If you just have an OpenAI account and do not want to use other LLMs you also can run a variant of the app that only uses GPT-4o. However, we recommend to give the Mistral and Anthropic models a spin too. These models are very powerful too and we continuously achieve very good results.
We also added an app version that uses the Azure OpenAI Service.

Run the app locally

Create a Conda environment: conda create -n simplify python=3.9
Activate environment: conda activate simplify
Clone this repo.
Change into the project directory: cd simply-simplify-language/
Install packages: pip install -r requirements.txt
Install Spacy language model: python -m spacy download de_core_news_sm
Create an .env file and input your API keys:

    OPENAI_API_KEY=sk-...
    ANTHROPIC_API_KEY=sk-...
    MISTRAL_API_KEY=KGT...

Change into app directory: cd _streamlit_app/
Start app: streamlit run sprache-vereinfachen.py
To run the GPT-4o only app version use streamlit run sprache-vereinfachen_openai.py.
To run the Azure OpenAI app version use streamlit run sprache-vereinfachen_azure.py. Have a look here to learn more about how to setup the app with Azure.

Run the app in the cloud

Instantiate a small virtual machine with the cloud provider of your choosing. Suggested size: 2 vCPUs, 2GB RAM, and an SSD with a couple of GBs are sufficient. This will set you back no more than a couple of Francs per month.
Install Conda and set up the repo and app as described above.
Recommendation: To use a proper domain and HTTPS it makes sense to install a reverse proxy. We very much like Caddy server for this due to its simplicity and ease of installation and usage. It's also simple to request certificates – Caddy does this automatically for you.

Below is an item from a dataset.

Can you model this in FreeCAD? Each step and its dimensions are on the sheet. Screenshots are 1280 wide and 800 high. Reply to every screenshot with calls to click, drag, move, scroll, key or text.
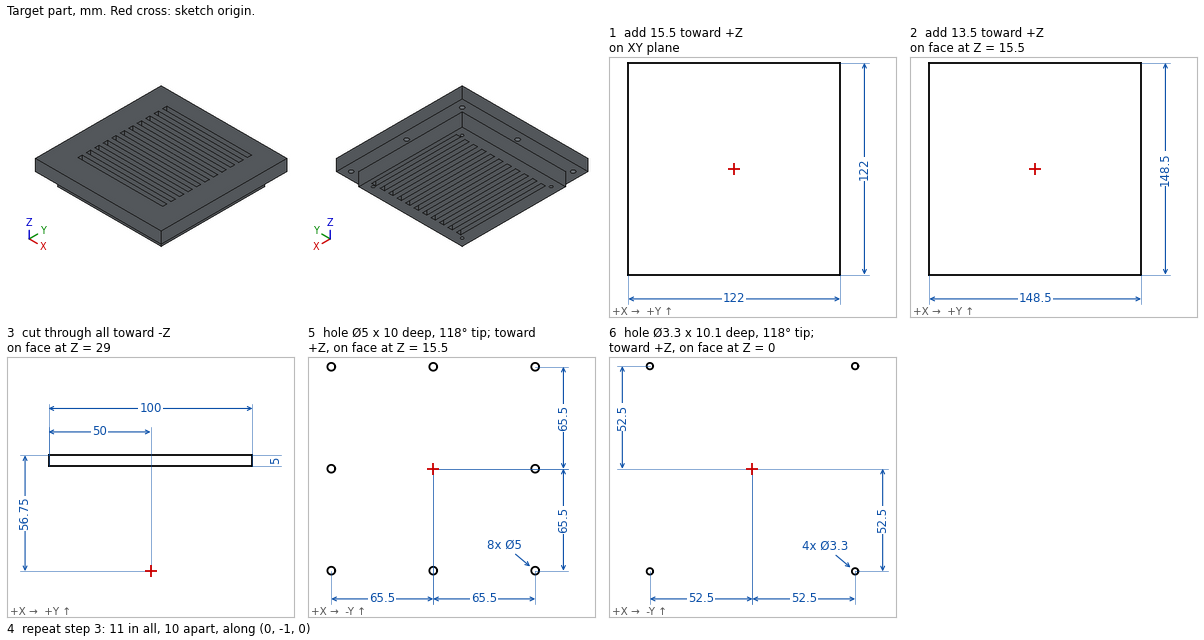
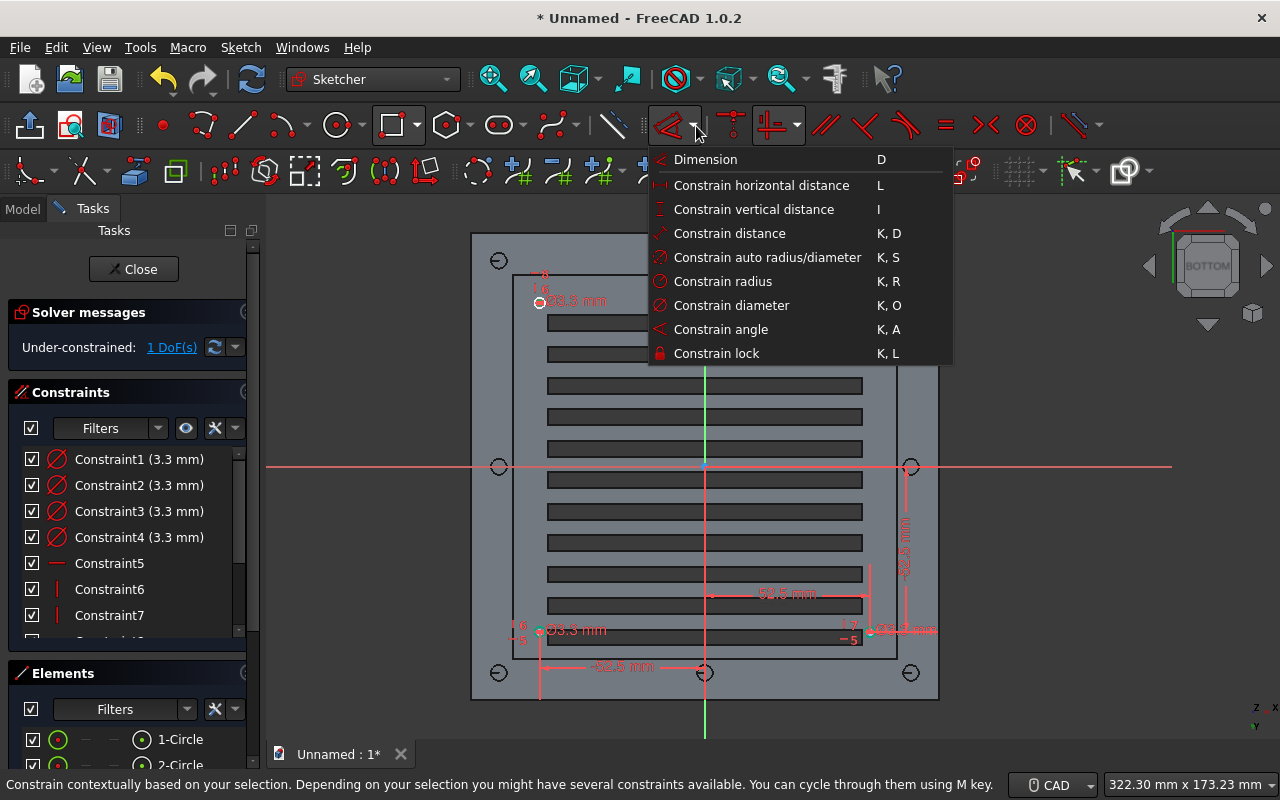
click(801, 209)

Run the app in a Github Codespace

This will enable you to develop and run the app in a cloud-hosted development workspace, using GitHub Codespaces.
Some benefits: No need for any local installation, you can do anything right from your Web Browser. You get some free hours with your GitHub account, so this should not be expensive at all. However, do not forget to delete unused Codespaces to avoid being billed unnecessarily. It's also a sensible idea, to make sure that Auto-delete codespace is activated in the settings.
Create a GitHub codespace on this repository by clicking Code > Codespaces > Create codespace on main
Wait until the codespace is started. You'll get a new url like https://scaling-pancake-jwjjw54r4r7hpqpg.github.dev/
If you run into network connection issues try another browser. In our testing Firefox sometimes threw errors, Chrome worked fine.
Install the project requirements from the terminal: pip install -r requirements.txt
Install spacy language model: python -m spacy download de_core_news_sm
Create an .env file and input your API keys like described above.
Alternatively, create Repository Secrets on GitHub, which will get available for your codespaces automatically when starting up (only if you are a repo owner / using your own fork).
Start app: python -m streamlit run _streamlit_app/sprache-vereinfachen.py
Codespaces auto-proxies and forwards Port 8501 to something like https://scaling-pancake-jwjjw54r4r7hpqpg.github.dev/
In case you don't like coding in your browser, you can also use a local Visual Studio Code IDE and connect to the remote Codespace.

Note

The app logs user interactions to your local computer or virtual machine to a file named app.log. If you do not want to have analytics, simply comment out the function call in the code.

Project information

Institutional communication is often overly complicated and hard to understand.

This particularly affects citizens who do not speak German as their first language or who struggle with complex texts for other reasons. Clear and simple communication is essential to ensure everyone can participate in public processes and access services equally.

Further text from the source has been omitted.